I mean it's still useful because at least you know your test code is not artificially passing because of some UB makes it look like passing
> it's still useful because at least you know your test code is not artificially passing because of some UB makes it look like passing
Right, that's the extent of what this does. When I saw it on r/cpp I thought OK, somebody realised now they can make their C++ tests work as a reasonable person would expect, or perhaps realised that without this C++ tests are almost worthless because they can invoke Undefined Behaviour silently.
But increasingly I suspect the OP mistook this for a breakthrough in correctness which it isn't, otherwise why post it to HN?
On the other hand, the prohibition on UB for constexpr doesn't reach up to where IFNDR lives, so I'd guess most non-trivial C++ software is technically nonsense with no defined meaning as a result of IFNDR regardless of how many or few unit tests were written or whether they use constexpr to prohibit Undefined Behaviour.

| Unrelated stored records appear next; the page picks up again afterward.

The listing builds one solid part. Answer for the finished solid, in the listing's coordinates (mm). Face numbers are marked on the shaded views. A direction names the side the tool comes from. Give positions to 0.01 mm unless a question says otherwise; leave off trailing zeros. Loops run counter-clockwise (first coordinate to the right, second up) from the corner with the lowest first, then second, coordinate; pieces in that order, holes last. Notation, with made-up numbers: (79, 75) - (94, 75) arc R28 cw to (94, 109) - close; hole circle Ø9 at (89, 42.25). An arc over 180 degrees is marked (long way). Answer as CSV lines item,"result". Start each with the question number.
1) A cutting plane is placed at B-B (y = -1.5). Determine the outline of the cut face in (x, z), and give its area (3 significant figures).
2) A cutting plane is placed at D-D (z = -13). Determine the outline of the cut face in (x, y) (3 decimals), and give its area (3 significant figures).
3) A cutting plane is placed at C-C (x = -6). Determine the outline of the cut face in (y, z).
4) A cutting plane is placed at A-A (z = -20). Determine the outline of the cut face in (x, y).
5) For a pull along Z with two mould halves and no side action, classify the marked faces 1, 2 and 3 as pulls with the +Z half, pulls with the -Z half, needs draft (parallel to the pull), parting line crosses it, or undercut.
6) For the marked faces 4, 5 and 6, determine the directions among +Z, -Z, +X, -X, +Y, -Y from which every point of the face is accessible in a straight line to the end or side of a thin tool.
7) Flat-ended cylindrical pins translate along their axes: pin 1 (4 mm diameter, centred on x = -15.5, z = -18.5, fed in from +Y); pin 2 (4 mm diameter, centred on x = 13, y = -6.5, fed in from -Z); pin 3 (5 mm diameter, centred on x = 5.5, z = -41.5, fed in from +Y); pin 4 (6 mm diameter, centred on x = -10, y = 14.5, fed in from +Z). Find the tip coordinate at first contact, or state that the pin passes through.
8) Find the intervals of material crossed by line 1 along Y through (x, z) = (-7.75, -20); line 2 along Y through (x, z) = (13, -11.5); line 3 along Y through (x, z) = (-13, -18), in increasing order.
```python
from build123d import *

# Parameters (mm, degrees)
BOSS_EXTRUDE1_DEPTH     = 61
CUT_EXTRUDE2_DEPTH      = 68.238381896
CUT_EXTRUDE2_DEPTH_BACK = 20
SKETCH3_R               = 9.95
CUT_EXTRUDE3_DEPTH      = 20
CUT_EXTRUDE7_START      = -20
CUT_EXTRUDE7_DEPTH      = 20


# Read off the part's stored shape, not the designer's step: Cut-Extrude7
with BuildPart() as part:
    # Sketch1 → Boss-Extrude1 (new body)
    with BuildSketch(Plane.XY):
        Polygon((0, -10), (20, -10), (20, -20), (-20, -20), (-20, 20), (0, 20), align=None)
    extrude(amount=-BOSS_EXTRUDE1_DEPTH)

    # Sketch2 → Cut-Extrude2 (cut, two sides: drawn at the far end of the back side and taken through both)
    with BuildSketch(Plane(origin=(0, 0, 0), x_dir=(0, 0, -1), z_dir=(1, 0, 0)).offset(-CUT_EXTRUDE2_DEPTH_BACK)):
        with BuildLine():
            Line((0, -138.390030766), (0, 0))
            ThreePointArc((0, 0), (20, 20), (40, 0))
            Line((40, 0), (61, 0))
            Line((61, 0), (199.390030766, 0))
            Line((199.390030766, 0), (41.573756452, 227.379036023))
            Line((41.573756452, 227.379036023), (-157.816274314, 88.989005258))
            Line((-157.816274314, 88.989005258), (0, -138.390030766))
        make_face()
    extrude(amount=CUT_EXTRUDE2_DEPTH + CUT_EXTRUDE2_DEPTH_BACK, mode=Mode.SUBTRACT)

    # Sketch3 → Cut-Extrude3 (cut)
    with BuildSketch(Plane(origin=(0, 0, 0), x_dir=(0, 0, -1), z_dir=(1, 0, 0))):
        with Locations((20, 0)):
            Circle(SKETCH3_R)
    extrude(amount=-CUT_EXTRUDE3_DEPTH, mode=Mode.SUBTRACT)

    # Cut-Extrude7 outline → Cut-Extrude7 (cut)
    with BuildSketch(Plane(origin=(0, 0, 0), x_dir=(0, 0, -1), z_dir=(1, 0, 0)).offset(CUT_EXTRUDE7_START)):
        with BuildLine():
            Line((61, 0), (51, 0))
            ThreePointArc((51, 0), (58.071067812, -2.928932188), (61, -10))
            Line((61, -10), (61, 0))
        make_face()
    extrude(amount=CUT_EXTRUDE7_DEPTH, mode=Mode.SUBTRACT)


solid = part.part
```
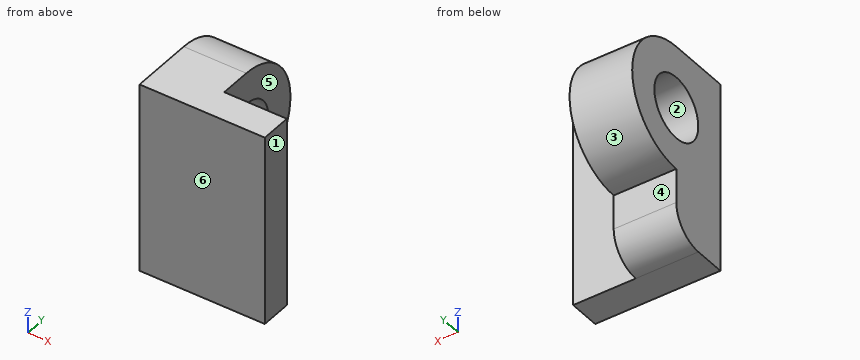
Ans:
1,outline,"(-20, -56.27) - (0, -56.27) - (0, -29.84) - (-20, -29.84) - close; (-20, -10.16) - (0, -10.16) - (0, 0) - (-20, 0) - close"
1,area,"732 mm2"
2,outline,"(-20, -20) - (20, -20) - (20, -10) - (0, -10) - (0, -7.071) - (-20, -7.071) - close; (-20, 7.071) - (0, 7.071) - (0, 18.735) - (-20, 18.735) - close"
2,area,"692 mm2"
3,outline,"(-20, -61) - (-10, -61) arc R10 ccw to (0, -51) - (0, -40) arc R20 ccw to (0, 0) - (-20, 0) - close; hole circle Ø19.9 at (0, -20)"
4,outline,"(-20, -20) - (20, -20) - (20, -10) - (0, -10) - (0, -9.95) - (-20, -9.95) - close; (-20, 9.95) - (0, 9.95) - (0, 20) - (-20, 20) - close"
5,face 1,"needs draft"
5,face 2,"undercut"
5,face 3,"parting line crosses it"
6,face 4,"-Z, +X, -X, +Y"
6,face 5,"+Z, -Z, +X, +Y"
6,face 6,"+Z, -Z, +X, -X, -Y"
7,pin 1,"y = 20"
7,pin 2,"through"
7,pin 3,"y = -10"
7,pin 4,"z = -3.64"
8,line 1,"-20 to -9.95, 9.95 to 20"
8,line 2,"-20 to -10"
8,line 3,"-20 to -9.75, 9.75 to 19.9"

A cheerful thought.
[Ill-Formed, No Diagnostic Required: A recurring statement in the C++ ISO document which basically says if you did this then too bad, that's not a well-formed C++ program, however your compiler may not notice that this isn't a C++ program, so, your program might compile, and even execute, but what if anything happens when you run it isn't specified in this ISO standard, good luck.]

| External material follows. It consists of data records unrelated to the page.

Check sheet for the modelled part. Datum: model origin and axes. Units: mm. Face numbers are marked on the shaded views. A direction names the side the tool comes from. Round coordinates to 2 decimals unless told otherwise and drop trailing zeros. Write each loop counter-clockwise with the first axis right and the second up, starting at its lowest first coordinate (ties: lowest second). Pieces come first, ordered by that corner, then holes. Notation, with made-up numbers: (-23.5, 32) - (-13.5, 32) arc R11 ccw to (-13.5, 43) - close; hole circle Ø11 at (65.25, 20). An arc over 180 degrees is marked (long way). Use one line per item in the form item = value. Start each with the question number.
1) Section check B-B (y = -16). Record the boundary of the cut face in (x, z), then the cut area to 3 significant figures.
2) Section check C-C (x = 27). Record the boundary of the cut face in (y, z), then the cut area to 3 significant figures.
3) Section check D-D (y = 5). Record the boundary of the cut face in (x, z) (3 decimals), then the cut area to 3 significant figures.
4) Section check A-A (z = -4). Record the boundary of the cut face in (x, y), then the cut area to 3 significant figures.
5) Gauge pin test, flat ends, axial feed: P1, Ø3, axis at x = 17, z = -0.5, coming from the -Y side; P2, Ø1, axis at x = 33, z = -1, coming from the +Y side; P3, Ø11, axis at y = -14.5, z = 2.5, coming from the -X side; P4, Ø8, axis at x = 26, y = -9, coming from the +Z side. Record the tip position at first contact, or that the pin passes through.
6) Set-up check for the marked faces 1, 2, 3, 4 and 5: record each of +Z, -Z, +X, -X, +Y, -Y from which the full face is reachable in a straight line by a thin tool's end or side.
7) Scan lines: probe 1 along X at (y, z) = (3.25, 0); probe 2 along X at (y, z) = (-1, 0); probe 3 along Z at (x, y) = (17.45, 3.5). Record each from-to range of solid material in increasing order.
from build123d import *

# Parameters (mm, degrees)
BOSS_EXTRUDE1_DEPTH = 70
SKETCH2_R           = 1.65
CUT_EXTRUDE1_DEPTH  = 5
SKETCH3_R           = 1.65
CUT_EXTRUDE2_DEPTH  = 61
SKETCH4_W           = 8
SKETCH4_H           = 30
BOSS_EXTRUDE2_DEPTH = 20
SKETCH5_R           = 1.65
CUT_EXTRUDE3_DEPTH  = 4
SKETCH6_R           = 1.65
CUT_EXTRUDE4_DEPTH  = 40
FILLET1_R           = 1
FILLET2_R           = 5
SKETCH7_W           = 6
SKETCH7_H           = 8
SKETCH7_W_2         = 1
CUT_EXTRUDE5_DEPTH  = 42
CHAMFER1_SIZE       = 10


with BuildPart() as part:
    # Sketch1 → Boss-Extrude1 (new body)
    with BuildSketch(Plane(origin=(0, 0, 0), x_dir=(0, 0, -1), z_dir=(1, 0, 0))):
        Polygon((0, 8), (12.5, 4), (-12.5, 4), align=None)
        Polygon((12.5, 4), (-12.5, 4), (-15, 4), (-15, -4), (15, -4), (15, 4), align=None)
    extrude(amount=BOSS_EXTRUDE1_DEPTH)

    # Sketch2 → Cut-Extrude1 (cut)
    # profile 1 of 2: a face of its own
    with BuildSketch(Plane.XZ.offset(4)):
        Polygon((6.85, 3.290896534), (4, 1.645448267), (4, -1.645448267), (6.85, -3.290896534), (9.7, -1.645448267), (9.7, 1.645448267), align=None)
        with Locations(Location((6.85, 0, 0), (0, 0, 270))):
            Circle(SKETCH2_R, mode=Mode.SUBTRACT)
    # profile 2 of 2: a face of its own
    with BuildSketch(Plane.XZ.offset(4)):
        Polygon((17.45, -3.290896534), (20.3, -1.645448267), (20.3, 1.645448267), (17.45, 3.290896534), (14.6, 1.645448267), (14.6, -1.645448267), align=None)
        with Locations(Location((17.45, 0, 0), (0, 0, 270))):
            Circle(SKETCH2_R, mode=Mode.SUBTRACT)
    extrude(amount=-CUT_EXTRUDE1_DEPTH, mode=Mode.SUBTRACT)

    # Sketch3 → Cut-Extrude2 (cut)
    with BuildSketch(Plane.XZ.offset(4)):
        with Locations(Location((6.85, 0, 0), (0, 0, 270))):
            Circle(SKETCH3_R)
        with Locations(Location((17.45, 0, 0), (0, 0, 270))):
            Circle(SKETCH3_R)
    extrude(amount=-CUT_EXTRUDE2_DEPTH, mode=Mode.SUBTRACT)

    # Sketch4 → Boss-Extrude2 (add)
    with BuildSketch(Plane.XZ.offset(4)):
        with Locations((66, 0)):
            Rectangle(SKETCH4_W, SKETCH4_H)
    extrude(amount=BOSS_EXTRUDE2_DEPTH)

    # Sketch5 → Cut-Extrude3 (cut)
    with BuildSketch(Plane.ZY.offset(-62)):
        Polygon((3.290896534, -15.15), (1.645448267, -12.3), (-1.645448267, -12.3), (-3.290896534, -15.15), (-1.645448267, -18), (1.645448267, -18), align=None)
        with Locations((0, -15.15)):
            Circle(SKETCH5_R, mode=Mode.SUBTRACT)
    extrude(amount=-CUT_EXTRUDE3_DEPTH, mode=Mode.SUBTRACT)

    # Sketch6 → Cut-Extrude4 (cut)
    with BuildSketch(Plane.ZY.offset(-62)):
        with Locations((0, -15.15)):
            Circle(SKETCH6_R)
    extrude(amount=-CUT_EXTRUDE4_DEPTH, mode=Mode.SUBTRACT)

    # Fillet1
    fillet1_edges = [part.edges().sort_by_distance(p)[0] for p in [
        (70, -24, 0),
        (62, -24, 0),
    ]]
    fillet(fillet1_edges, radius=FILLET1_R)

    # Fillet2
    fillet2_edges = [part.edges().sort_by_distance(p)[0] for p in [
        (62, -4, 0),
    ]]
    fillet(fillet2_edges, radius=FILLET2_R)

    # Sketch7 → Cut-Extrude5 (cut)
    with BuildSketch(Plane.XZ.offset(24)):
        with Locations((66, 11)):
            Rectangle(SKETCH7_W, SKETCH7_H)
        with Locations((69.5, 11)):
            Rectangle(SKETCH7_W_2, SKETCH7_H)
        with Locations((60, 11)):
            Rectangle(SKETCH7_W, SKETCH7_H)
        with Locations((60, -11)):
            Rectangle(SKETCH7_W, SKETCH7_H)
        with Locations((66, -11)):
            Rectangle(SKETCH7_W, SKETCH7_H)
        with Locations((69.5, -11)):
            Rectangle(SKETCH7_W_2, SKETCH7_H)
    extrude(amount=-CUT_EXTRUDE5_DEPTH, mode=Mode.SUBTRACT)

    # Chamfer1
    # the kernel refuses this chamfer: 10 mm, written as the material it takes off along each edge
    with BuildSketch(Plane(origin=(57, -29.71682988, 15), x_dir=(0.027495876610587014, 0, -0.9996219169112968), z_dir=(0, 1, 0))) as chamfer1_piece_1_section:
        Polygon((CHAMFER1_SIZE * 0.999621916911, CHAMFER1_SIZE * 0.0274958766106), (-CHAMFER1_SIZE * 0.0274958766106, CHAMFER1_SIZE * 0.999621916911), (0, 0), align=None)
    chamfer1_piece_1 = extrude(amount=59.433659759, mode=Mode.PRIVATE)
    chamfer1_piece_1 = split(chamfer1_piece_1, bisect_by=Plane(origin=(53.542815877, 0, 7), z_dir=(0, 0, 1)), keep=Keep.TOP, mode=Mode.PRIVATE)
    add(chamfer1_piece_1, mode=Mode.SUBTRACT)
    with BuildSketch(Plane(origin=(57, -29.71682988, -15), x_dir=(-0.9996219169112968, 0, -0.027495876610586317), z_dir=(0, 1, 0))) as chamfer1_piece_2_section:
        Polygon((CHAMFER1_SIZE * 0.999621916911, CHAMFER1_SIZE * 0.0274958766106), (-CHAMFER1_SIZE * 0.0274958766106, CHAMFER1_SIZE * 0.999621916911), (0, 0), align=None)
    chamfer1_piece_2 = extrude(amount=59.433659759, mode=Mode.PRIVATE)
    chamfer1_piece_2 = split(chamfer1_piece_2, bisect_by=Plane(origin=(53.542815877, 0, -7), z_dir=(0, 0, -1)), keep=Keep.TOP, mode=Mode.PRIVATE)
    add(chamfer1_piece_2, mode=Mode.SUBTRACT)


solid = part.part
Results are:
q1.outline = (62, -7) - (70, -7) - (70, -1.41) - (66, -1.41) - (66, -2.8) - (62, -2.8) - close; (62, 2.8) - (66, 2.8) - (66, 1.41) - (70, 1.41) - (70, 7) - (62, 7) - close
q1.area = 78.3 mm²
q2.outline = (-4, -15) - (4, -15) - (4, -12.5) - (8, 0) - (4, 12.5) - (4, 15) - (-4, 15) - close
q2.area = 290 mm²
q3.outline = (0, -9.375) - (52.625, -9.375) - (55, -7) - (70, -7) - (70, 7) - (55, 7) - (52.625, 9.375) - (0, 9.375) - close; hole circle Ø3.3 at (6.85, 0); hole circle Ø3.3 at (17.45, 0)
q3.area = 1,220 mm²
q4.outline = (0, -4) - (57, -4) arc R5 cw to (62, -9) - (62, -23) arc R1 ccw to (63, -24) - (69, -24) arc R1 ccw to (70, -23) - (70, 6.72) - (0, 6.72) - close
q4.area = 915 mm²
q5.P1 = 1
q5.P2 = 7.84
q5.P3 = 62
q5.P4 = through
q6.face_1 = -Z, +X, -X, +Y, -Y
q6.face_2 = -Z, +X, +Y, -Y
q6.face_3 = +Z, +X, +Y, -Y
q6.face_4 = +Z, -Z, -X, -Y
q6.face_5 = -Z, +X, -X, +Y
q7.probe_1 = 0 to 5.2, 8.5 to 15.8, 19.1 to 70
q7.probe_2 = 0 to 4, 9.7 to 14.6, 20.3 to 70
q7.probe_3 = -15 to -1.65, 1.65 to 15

No, it doesn't depend on the values.
Yes, it does follow.
The compiler is not allowed to compile constexpr code that could produce UB at runtime. period. :)
That is, conditional constepxr code that depends on values and could produce UB is not valid constexpr code, and a compiler is not supposed to compile it.
This is very explicit in the standard.
Think of it as a statically decidable set of code.
Now, it wouldn't shock me if compilers don't achieve this right now, but the standard is clear that constexpr code may not contain operations that could produce undefined behavior at runtime.
A constexpr function can very well take an input, and it can invoke UB based on the runtime value of that input.
What the standard prohibits is compile-time evaluation of an expression which invokes UB. So, if you actually call your function at compile-time with a constexpr value that ends up invoking UB in the function (say, an integer overflow), THEN the standard mandates that the compiler throw an error rather than compiling some random value in.
For example:
constexpr void foo(int x) {
std::cout << 1024 * 1024 * 1024 * x;
}
int main() {
static_assert(foo(100)); // will fail because computing 1024 * 1024 * 100 is signed integer overflow, which is UB
foo(100); // invokes UB at runtime; in practice, will perhaps print some overflowed value
}
Edit: I should also add that you can very well invoke UB in a constexpr expression if it is standard library UB and not core language UB (e.g. if you try to pop() from an empty std::vector).
Point 8:
> A core constant expression is any expression whose evaluation would not evaluate any one of the following:
> 8. an expression whose evaluation leads to any form of core language undefined behavior (including signed integer overflow, division by zero, pointer arithmetic outside array bounds, etc).